Breakout yang kuat biasanya disertai dengan peningkatan volume transaksi.

Volume tinggi menunjukkan bahwa banyak pelaku pasar yang mendukung pergerakan harga tersebut.

Retest level breakout

Retest terjadi ketika harga kembali menguji level yang baru saja ditembus.
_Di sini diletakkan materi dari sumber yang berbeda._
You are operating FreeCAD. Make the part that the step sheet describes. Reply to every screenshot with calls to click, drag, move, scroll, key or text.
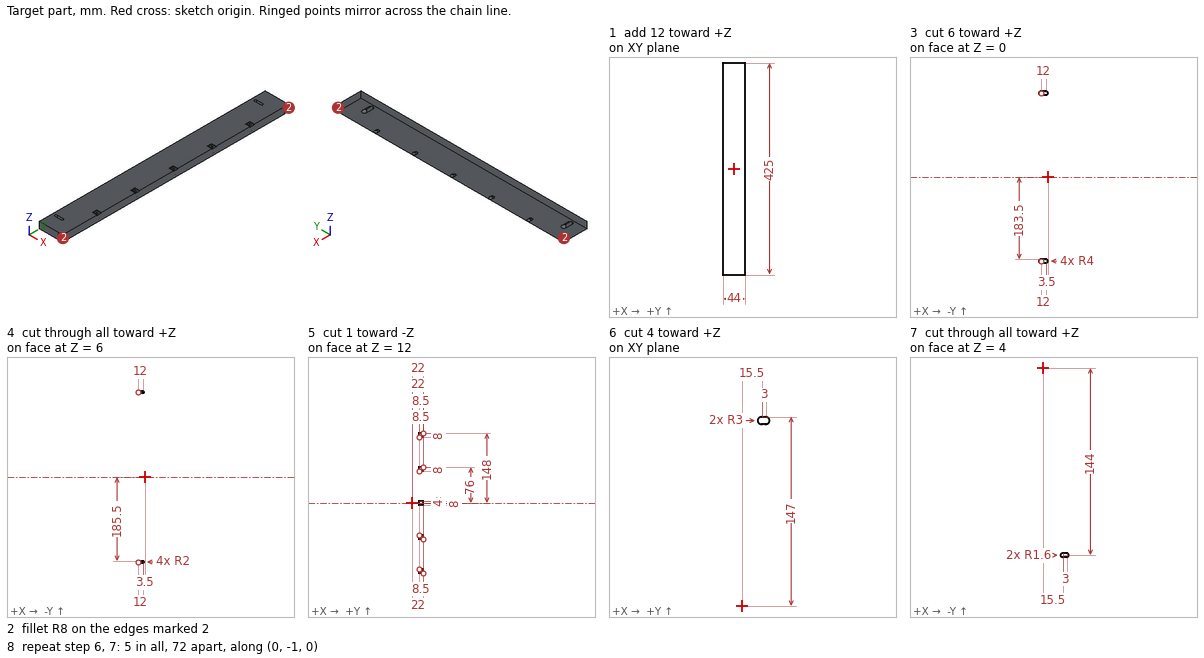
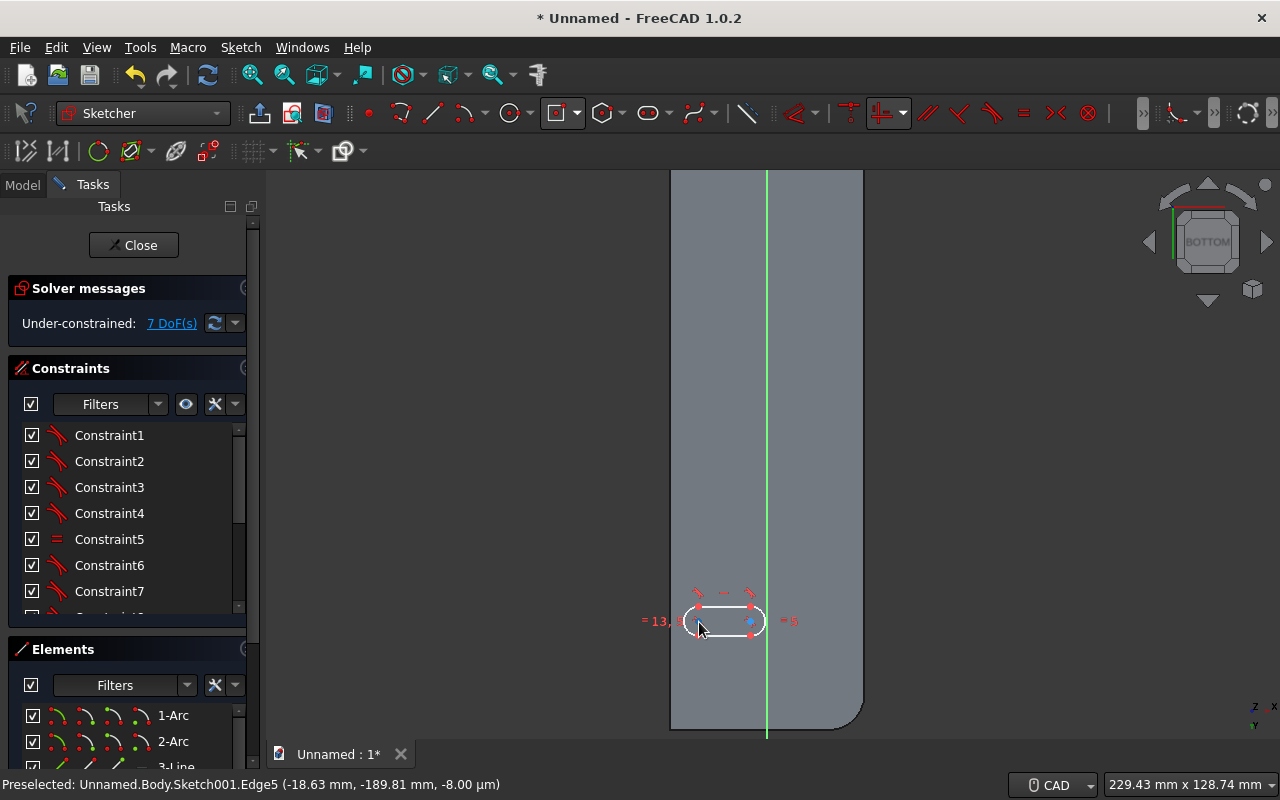
click(699, 621)

Sebagai contoh, setelah harga menembus resistance, harga bisa kembali turun untuk menguji level tersebut sebelum melanjutkan kenaikan.

Retest sering dianggap sebagai konfirmasi bahwa level tersebut telah berubah fungsi dari resistance menjadi support.

Dengan menggunakan konfirmasi ini, trader dapat mengurangi risiko membuka posisi pada breakout yang tidak valid.

False Breakout: Cara Menghindarinya

Tidak semua breakout menghasilkan pergerakan yang berlanjut. Dalam beberapa kasus, harga hanya menembus level penting sementara sebelum kembali ke area sebelumnya.

Kondisi ini disebut false breakout.

False breakout sering terjadi ketika pasar memiliki likuiditas rendah atau ketika pergerakan harga dipengaruhi oleh berita jangka pendek.

Beberapa cara yang sering digunakan trader untuk menghindari false breakout antara lain:

  • Menunggu candle penutupan di atas atau di bawah level penting
  • Menggunakan konfirmasi volume
  • Menunggu retest setelah breakout

Dengan menunggu konfirmasi tambahan, trader dapat mengurangi kemungkinan masuk ke posisi yang salah.

Contoh Breakout pada Chart XAU/USD

Breakout juga sering terjadi pada instrumen populer seperti XAU/USD, yaitu pasangan trading emas terhadap dolar AS.

Sebagai contoh, harga emas dapat bergerak dalam area konsolidasi antara dua level harga tertentu selama beberapa waktu.

Ketika harga berhasil menembus resistance pada area tersebut, breakout sering memicu peningkatan momentum beli dari trader yang mengikuti tren.

Sebaliknya, jika harga menembus support penting, tekanan jual dapat meningkat sehingga harga bergerak turun lebih cepat.

Karena volatilitas emas relatif tinggi, breakout pada XAU/USD sering menjadi salah satu strategi yang digunakan trader untuk memanfaatkan pergerakan harga yang cepat.

Kesimpulan

Breakout adalah kondisi ketika harga menembus level penting seperti support, resistance, atau pola chart tertentu. Peristiwa ini sering menandakan perubahan momentum pasar dan dapat memberikan peluang trading yang menarik.

Namun tidak semua breakout menghasilkan tren baru karena pasar juga dapat mengalami false breakout.

Dengan memahami cara mengenali breakout, menggunakan konfirmasi seperti volume dan retest, serta memahami karakteristik pasar, trader dapat meningkatkan peluang untuk memanfaatkan momentum pergerakan harga dengan lebih efektif.

FAQ

Apa itu breakout dalam trading?
Breakout adalah kondisi ketika harga menembus level penting seperti support, resistance, atau pola chart yang sebelumnya membatasi pergerakan harga.

Apa yang dimaksud false breakout?
False breakout adalah kondisi ketika harga menembus level penting tetapi kemudian kembali ke area sebelumnya tanpa melanjutkan tren.

Apakah breakout cocok untuk trading emas?
Ya, breakout sering digunakan dalam trading emas karena volatilitas emas yang cukup tinggi memungkinkan pergerakan harga yang kuat setelah level penting ditembus.